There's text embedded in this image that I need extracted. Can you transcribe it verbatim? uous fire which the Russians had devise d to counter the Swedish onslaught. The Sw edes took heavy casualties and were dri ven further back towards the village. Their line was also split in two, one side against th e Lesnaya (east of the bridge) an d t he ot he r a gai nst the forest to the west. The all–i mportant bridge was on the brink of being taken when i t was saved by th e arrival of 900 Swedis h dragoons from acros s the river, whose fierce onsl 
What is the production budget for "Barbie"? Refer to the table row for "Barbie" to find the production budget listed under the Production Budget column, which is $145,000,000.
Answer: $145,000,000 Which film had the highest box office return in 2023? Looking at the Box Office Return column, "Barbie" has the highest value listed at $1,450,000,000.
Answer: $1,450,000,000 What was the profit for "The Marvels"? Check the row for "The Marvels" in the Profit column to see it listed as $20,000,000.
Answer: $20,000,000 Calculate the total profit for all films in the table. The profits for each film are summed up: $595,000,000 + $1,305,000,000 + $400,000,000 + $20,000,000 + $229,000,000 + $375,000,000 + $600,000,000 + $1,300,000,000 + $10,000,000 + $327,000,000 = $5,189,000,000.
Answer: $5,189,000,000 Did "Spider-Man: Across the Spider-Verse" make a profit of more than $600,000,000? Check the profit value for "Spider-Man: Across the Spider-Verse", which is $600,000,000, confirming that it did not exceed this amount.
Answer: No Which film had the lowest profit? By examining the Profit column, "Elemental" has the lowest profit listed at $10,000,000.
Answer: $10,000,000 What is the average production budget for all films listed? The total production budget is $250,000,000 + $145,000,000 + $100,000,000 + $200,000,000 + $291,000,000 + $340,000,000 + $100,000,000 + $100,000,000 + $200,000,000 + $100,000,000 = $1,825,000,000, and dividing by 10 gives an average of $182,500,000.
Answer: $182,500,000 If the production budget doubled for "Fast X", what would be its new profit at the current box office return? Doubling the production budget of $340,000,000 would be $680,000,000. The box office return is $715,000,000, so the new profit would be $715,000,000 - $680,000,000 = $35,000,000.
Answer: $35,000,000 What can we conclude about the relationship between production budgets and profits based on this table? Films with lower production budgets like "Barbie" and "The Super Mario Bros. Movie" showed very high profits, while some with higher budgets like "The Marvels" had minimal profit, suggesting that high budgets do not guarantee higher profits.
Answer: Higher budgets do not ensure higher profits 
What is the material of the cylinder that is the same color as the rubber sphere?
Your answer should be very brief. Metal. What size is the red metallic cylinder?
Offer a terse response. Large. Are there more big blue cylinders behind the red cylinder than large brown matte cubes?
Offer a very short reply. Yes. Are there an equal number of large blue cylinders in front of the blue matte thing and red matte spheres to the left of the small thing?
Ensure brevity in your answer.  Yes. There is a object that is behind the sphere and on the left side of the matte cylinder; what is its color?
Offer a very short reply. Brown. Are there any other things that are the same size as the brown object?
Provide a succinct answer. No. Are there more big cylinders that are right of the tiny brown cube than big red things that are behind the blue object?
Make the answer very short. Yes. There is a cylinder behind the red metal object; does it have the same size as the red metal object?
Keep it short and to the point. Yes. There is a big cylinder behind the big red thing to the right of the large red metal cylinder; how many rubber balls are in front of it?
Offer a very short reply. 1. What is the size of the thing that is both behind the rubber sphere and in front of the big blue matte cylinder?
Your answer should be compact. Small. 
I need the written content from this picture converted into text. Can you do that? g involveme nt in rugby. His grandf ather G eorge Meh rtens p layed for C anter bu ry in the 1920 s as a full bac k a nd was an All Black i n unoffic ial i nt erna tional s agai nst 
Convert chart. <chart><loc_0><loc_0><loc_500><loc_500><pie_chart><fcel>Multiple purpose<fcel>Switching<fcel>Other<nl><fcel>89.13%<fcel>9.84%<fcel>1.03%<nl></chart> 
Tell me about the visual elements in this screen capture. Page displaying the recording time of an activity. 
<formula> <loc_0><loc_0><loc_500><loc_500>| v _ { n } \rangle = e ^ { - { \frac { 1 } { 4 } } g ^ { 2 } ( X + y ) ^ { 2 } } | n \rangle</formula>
━━━━━━━━━━
- **Task description**: Write the whole listing out again, exactly as it appears above.

- **Written response**:
There's text embedded in this image that I need extracted. Can you transcribe it verbatim? uous fire which the Russians had devise d to counter the Swedish onslaught. The Sw edes took heavy casualties and were dri ven further back towards the village. Their line was also split in two, one side against th e Lesnaya (east of the bridge) an d t he ot he r a gai nst the forest to the west. The all–i mportant bridge was on the brink of being taken when i t was saved by th e arrival of 900 Swedis h dragoons from acros s the river, whose fierce onsl 
What is the production budget for "Barbie"? Refer to the table row for "Barbie" to find the production budget listed under the Production Budget column, which is $145,000,000.
Answer: $145,000,000 Which film had the highest box office return in 2023? Looking at the Box Office Return column, "Barbie" has the highest value listed at $1,450,000,000.
Answer: $1,450,000,000 What was the profit for "The Marvels"? Check the row for "The Marvels" in the Profit column to see it listed as $20,000,000.
Answer: $20,000,000 Calculate the total profit for all films in the table. The profits for each film are summed up: $595,000,000 + $1,305,000,000 + $400,000,000 + $20,000,000 + $229,000,000 + $375,000,000 + $600,000,000 + $1,300,000,000 + $10,000,000 + $327,000,000 = $5,189,000,000.
Answer: $5,189,000,000 Did "Spider-Man: Across the Spider-Verse" make a profit of more than $600,000,000? Check the profit value for "Spider-Man: Across the Spider-Verse", which is $600,000,000, confirming that it did not exceed this amount.
Answer: No Which film had the lowest profit? By examining the Profit column, "Elemental" has the lowest profit listed at $10,000,000.
Answer: $10,000,000 What is the average production budget for all films listed? The total production budget is $250,000,000 + $145,000,000 + $100,000,000 + $200,000,000 + $291,000,000 + $340,000,000 + $100,000,000 + $100,000,000 + $200,000,000 + $100,000,000 = $1,825,000,000, and dividing by 10 gives an average of $182,500,000.
Answer: $182,500,000 If the production budget doubled for "Fast X", what would be its new profit at the current box office return? Doubling the production budget of $340,000,000 would be $680,000,000. The box office return is $715,000,000, so the new profit would be $715,000,000 - $680,000,000 = $35,000,000.
Answer: $35,000,000 What can we conclude about the relationship between production budgets and profits based on this table? Films with lower production budgets like "Barbie" and "The Super Mario Bros. Movie" showed very high profits, while some with higher budgets like "The Marvels" had minimal profit, suggesting that high budgets do not guarantee higher profits.
Answer: Higher budgets do not ensure higher profits 
What is the material of the cylinder that is the same color as the rubber sphere?
Your answer should be very brief. Metal. What size is the red metallic cylinder?
Offer a terse response. Large. Are there more big blue cylinders behind the red cylinder than large brown matte cubes?
Offer a very short reply. Yes. Are there an equal number of large blue cylinders in front of the blue matte thing and red matte spheres to the left of the small thing?
Ensure brevity in your answer.  Yes. There is a object that is behind the sphere and on the left side of the matte cylinder; what is its color?
Offer a very short reply. Brown. Are there any other things that are the same size as the brown object?
Provide a succinct answer. No. Are there more big cylinders that are right of the tiny brown cube than big red things that are behind the blue object?
Make the answer very short. Yes. There is a cylinder behind the red metal object; does it have the same size as the red metal object?
Keep it short and to the point. Yes. There is a big cylinder behind the big red thing to the right of the large red metal cylinder; how many rubber balls are in front of it?
Offer a very short reply. 1. What is the size of the thing that is both behind the rubber sphere and in front of the big blue matte cylinder?
Your answer should be compact. Small. 
I need the written content from this picture converted into text. Can you do that? g involveme nt in rugby. His grandf ather G eorge Meh rtens p layed for C anter bu ry in the 1920 s as a full bac k a nd was an All Black i n unoffic ial i nt erna tional s agai nst 
Convert chart. <chart><loc_0><loc_0><loc_500><loc_500><pie_chart><fcel>Multiple purpose<fcel>Switching<fcel>Other<nl><fcel>89.13%<fcel>9.84%<fcel>1.03%<nl></chart> 
Tell me about the visual elements in this screen capture. Page displaying the recording time of an activity. 
<formula> <loc_0><loc_0><loc_500><loc_500>| v _ { n } \rangle = e ^ { - { \frac { 1 } { 4 } } g ^ { 2 } ( X + y ) ^ { 2 } } | n \rangle</formula>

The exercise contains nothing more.